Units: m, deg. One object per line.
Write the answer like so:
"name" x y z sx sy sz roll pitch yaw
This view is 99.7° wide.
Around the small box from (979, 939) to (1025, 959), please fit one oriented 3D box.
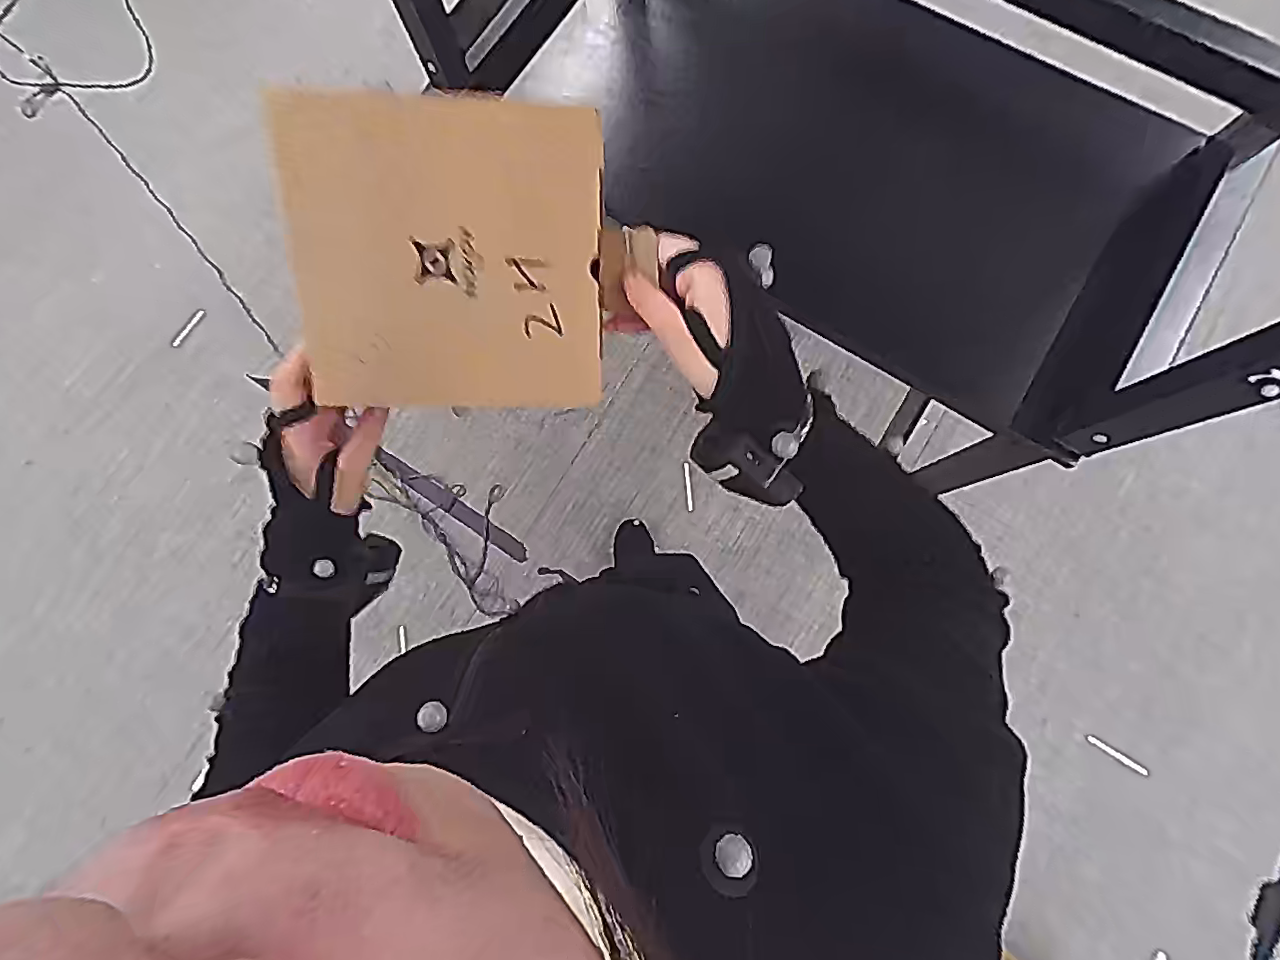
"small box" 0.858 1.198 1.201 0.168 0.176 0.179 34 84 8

§

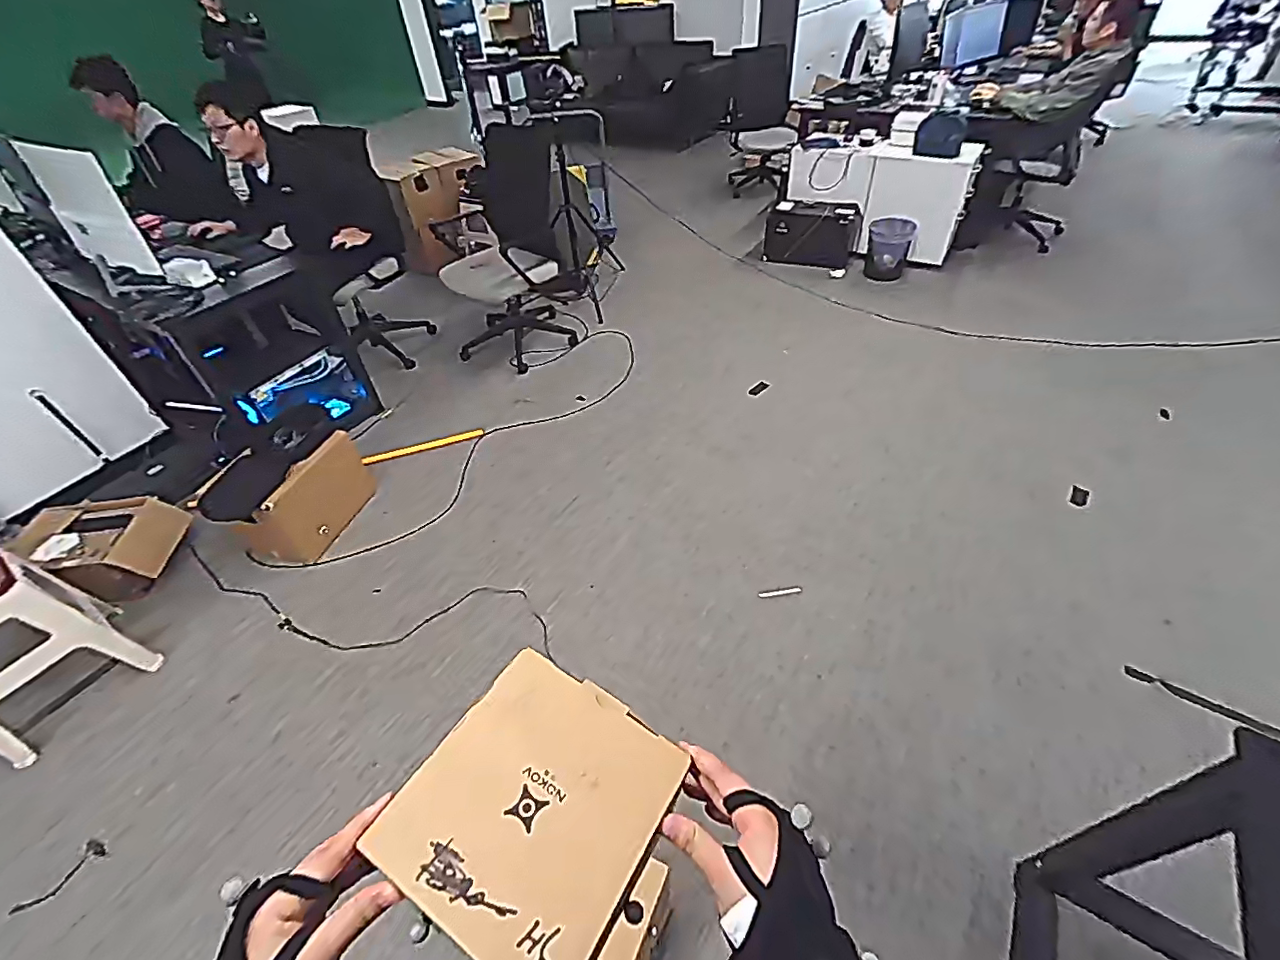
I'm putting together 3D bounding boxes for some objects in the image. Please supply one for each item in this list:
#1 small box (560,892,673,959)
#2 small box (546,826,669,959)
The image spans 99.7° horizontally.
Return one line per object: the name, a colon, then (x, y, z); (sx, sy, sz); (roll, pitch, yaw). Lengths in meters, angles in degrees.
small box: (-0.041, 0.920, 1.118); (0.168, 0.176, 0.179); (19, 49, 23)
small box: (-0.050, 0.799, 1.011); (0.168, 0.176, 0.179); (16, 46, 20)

§

Problem details
Only the lines holding "image" are wanted, so copy each of them from the material.

Response below
I'm putting together 3D bounding boxes for some objects in the image. Please supply one for each item in this list:
The image spans 99.7° horizontally.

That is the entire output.